But when she looked up, she was still on the plane. It was all too real. And Adel was watching her from his place across the cabin, as if he’d heard her very thoughts.
“You should rest,” he said. His gray eyes were shadowed now, storm-colored and stern, not silver at all. She did not know why she should feel that as a loss—why she should want to change them back. “You will need your strength, I think, for what lies ahead.”
“Thank you,” she said past the dryness in her throat and the clutch of panic that still gripped her. “That is very comforting.”
“Your father lies in state in the palace,” Adel said, his voice giving her no quarter, his hard eyes allowing her no mercy. “He must be buried as his legacy and consequence demand. As his country demands.”
Lara opened her mouth to make a wry comment on that—to mention, perhaps, what sort of legacy he’d always held in her mind—but swiftly thought better of it. Adel Qaderi, hand-picked by King Azat to succeed him, always the son to her father that she could never be, was unlikely to find Marlena Canon’s stories of the cruelties visited upon her particularly persuasive. Given the way he’d referred to her mother already, however offhandedly, Lara suspected Adel believed a deeply skewed version of reality. He was King Azat’s chosen heir! She knew exactly what he believed: the story her father had told him.
But what if Marlena had made all of that up? a small voice asked. She swallowed. It didn’t matter any longer. It couldn’t. It was twelve years too late. She would have to go on believing what she’d always believed.
Something must have showed on her face, because his attention seemed to focus in on her then. Too intent. Too demanding. He exuded far too much raw power, even sitting there with his work in front of him, like some kind of common businessman.
Common, Lara thought, with a shaking deep within that she could not quite convince herself was panic, was something Adel Qaderi could never be.
“If you have negative things to say about King Azat, as I can see you do, I suggest you say them to me here,” Adel said. His voice was harsh, his gaze frankly condemning. “You are unlikely to find a receptive ear in Alakkul, where he has long been considered a hero as well as a monarch.”
“Perhaps,” Lara said, conscious of the edge in her voice, her skin prickling with the urge to slap back at that disapproving note in his voice, to defend herself and her mother, “he was a better king than he was a father or a husband.” She raised her brows in challenge. “For your country’s sake, I certainly hope so.”
“And you feel qualified to judge him as a man, as a father?” Lara did not mistake that silky tone for something soft—she could see the steel in his gaze. “You, who showed your daughterly devotion by pretending he did not exist for twelve long years? You, who were not even aware that he was ill, nor that he had died?”
“I do not need to justify myself or the intricacies of my family’s dynamics to you,” she snapped at him, surprised that his words pricked at her.

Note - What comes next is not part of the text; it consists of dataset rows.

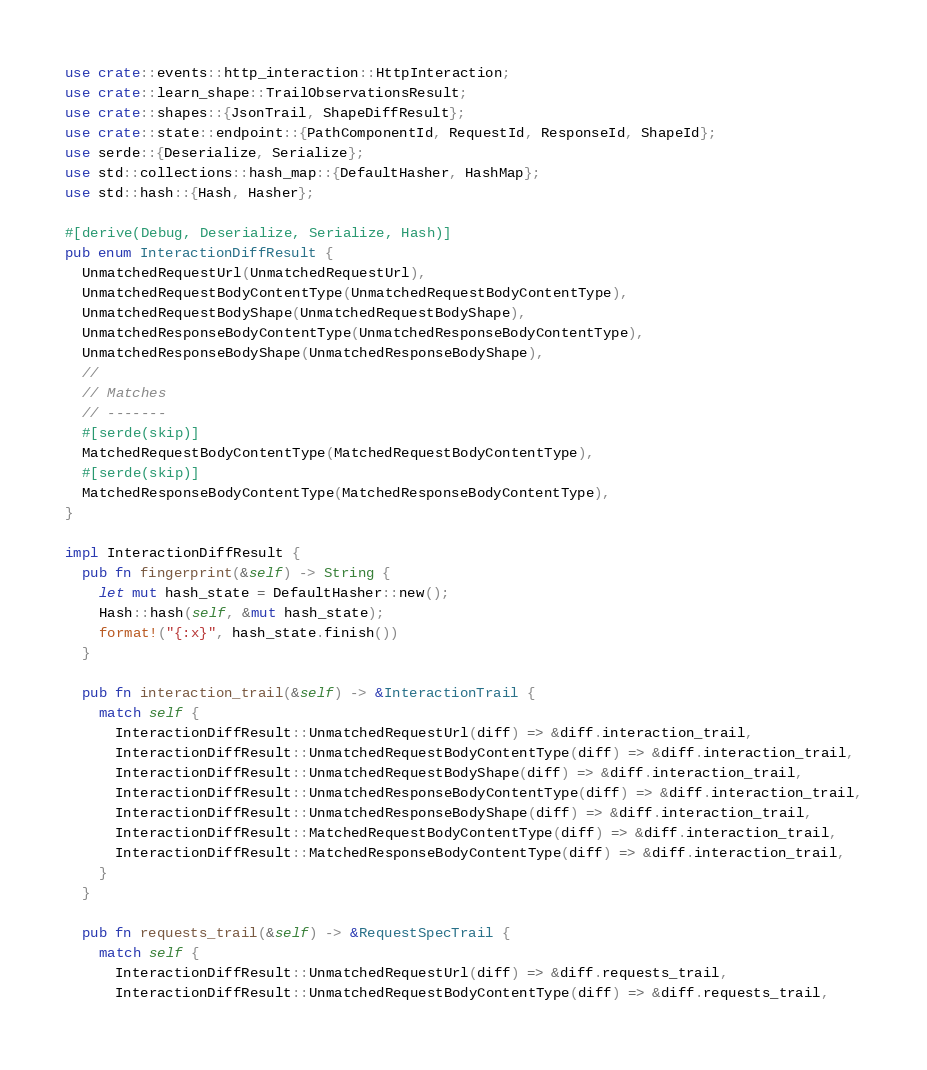Convert code to text. <code><loc_0><loc_0><loc_500><loc_500><_Rust_>use crate::events::http_interaction::HttpInteraction;
use crate::learn_shape::TrailObservationsResult;
use crate::shapes::{JsonTrail, ShapeDiffResult};
use crate::state::endpoint::{PathComponentId, RequestId, ResponseId, ShapeId};
use serde::{Deserialize, Serialize};
use std::collections::hash_map::{DefaultHasher, HashMap};
use std::hash::{Hash, Hasher};

#[derive(Debug, Deserialize, Serialize, Hash)]
pub enum InteractionDiffResult {
  UnmatchedRequestUrl(UnmatchedRequestUrl),
  UnmatchedRequestBodyContentType(UnmatchedRequestBodyContentType),
  UnmatchedRequestBodyShape(UnmatchedRequestBodyShape),
  UnmatchedResponseBodyContentType(UnmatchedResponseBodyContentType),
  UnmatchedResponseBodyShape(UnmatchedResponseBodyShape),
  //
  // Matches
  // -------
  #[serde(skip)]
  MatchedRequestBodyContentType(MatchedRequestBodyContentType),
  #[serde(skip)]
  MatchedResponseBodyContentType(MatchedResponseBodyContentType),
}

impl InteractionDiffResult {
  pub fn fingerprint(&self) -> String {
    let mut hash_state = DefaultHasher::new();
    Hash::hash(self, &mut hash_state);
    format!("{:x}", hash_state.finish())
  }

  pub fn interaction_trail(&self) -> &InteractionTrail {
    match self {
      InteractionDiffResult::UnmatchedRequestUrl(diff) => &diff.interaction_trail,
      InteractionDiffResult::UnmatchedRequestBodyContentType(diff) => &diff.interaction_trail,
      InteractionDiffResult::UnmatchedRequestBodyShape(diff) => &diff.interaction_trail,
      InteractionDiffResult::UnmatchedResponseBodyContentType(diff) => &diff.interaction_trail,
      InteractionDiffResult::UnmatchedResponseBodyShape(diff) => &diff.interaction_trail,
      InteractionDiffResult::MatchedRequestBodyContentType(diff) => &diff.interaction_trail,
      InteractionDiffResult::MatchedResponseBodyContentType(diff) => &diff.interaction_trail,
    }
  }

  pub fn requests_trail(&self) -> &RequestSpecTrail {
    match self {
      InteractionDiffResult::UnmatchedRequestUrl(diff) => &diff.requests_trail,
      InteractionDiffResult::UnmatchedRequestBodyContentType(diff) => &diff.requests_trail,</code>

His eyes bored into her from across the cabin. Why should she want to squirm? Why should she feel something far too much like shame? “I witnessed, firsthand, what your abandonment wrought.”
“I can imagine how it must have pained him to lose two of his many interchangeable, nameless possessions,” Lara said sarcastically.
“Azat will raise you to be nothing more than a pet,” Marlena had told her. Repeatedly. “Meek. Easy. Forever owned and operated at his command, at his disposal. Is that what you want? Is that any kind of life?”
“Believe me, he knew your name,” Adel replied in that low, furious tone. His mouth twisted, and his gaze chilled. “And your mother’s.”
“My mother is the only hero I’m aware of being related to,” Lara threw at him, feeling a desperate, consuming need to defend Marlena. To avenge her. To fight for her, even now, even when she wasn’t sure she believed her story. “But that’s not something a man like you can understand, can you? The plight of a single mother on her own, forced to run from all she knew—”
“Forced?” Adel laughed, but it was a mirthless sound. “You must be joking. The only thing your mother was ever forced to do was face her own failings as a wife. But she could not handle that, and so she ran from the palace with you rather than deal with the consequences of her behavior.” His gaze hardened. “And when I say ‘consequences,’ let me be clear. I am speaking of her admitted infidelity.”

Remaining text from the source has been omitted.